With respect to retirement savings plans, I have already mentioned the danger that your account might be at a financial institution that will not allow non-residents to hold accounts. So if you give up US residency you may have to move the account to another institution (not easy to do once you are no longer a US resident). At the same time, such accounts cannot be cashed out before a certain age without tax penalty, and cannot be moved to non-US accounts.
This is not to say that you shouldn’t participate in US retirement plans that allow considerable tax benefits. Especially since, if you withdraw the money from your retirement accounts after you leave the US, you might reap further tax benefits as a result of the fact that you might be in a very low US tax bracket – or perhaps not even subject to US tax as a result of tax treaty benefits.

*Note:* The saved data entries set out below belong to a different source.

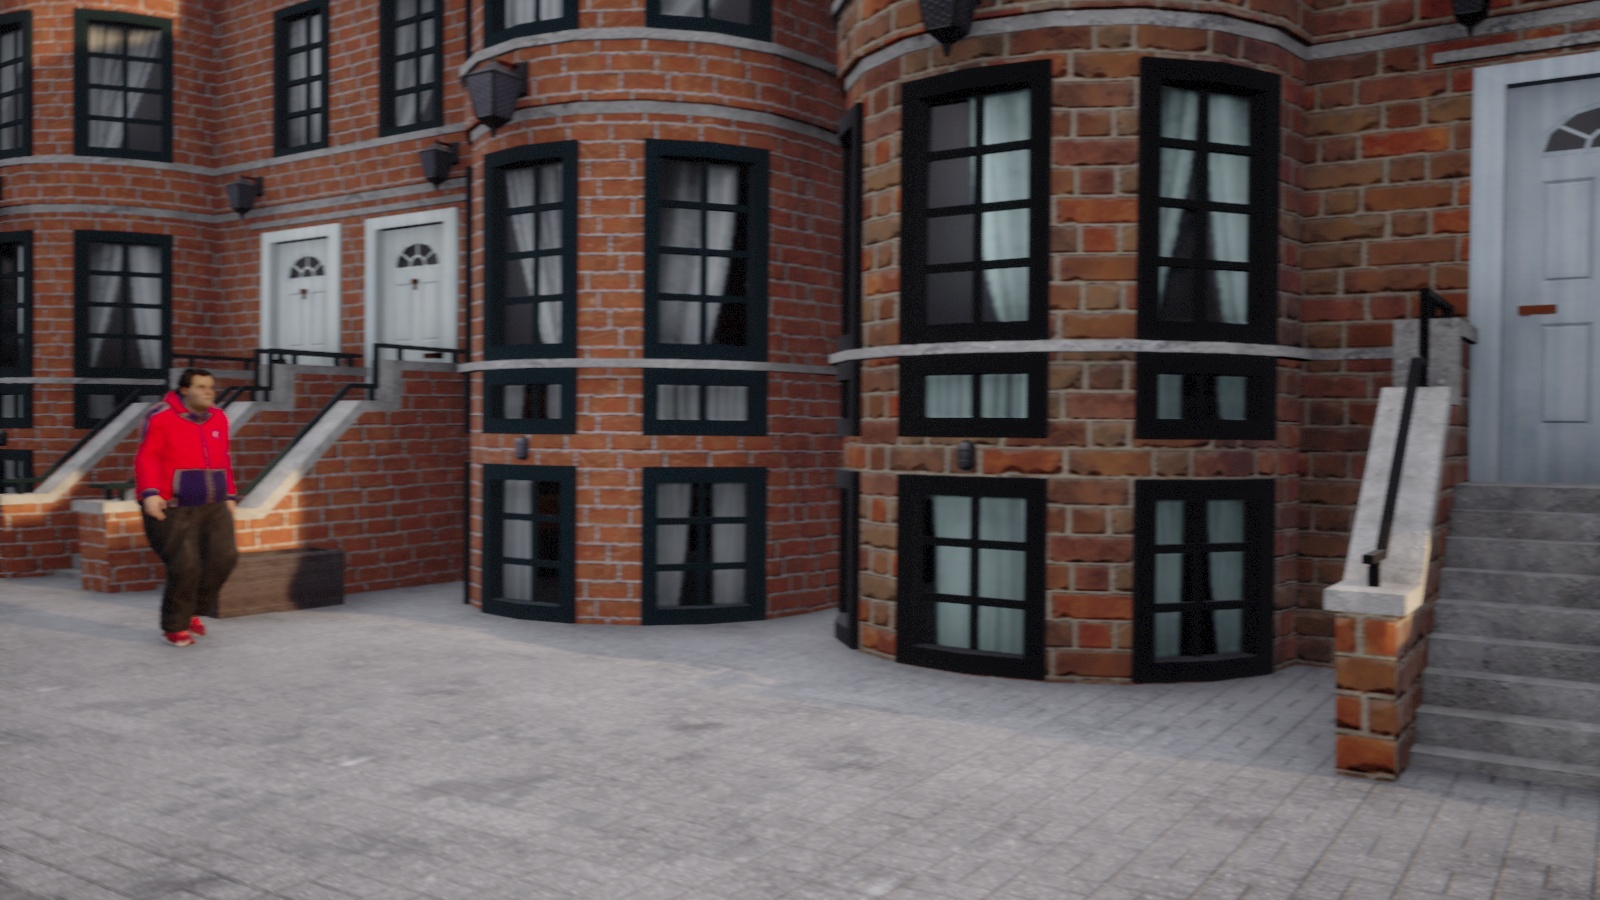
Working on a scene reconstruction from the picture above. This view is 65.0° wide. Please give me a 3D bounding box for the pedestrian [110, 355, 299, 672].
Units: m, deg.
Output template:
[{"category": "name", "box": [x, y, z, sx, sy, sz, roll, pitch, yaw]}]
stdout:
[{"category": "pedestrian", "box": [-3.691, 0.369, 7.796, 0.899, 1.844, 0.634, 0, 1, 29]}]

Space has only allowed me to summarize and touch upon many of the issues that non-US citizens face when moving to or living in the United States. The important takeaway from this article is that taking the time to plan around these issues can save you a considerable amount of anguish in the future. Experts are available to help you but it is important to consult with specialists, as expatriate matters are outside the knowledge base of most US tax, legal, and investment professionals.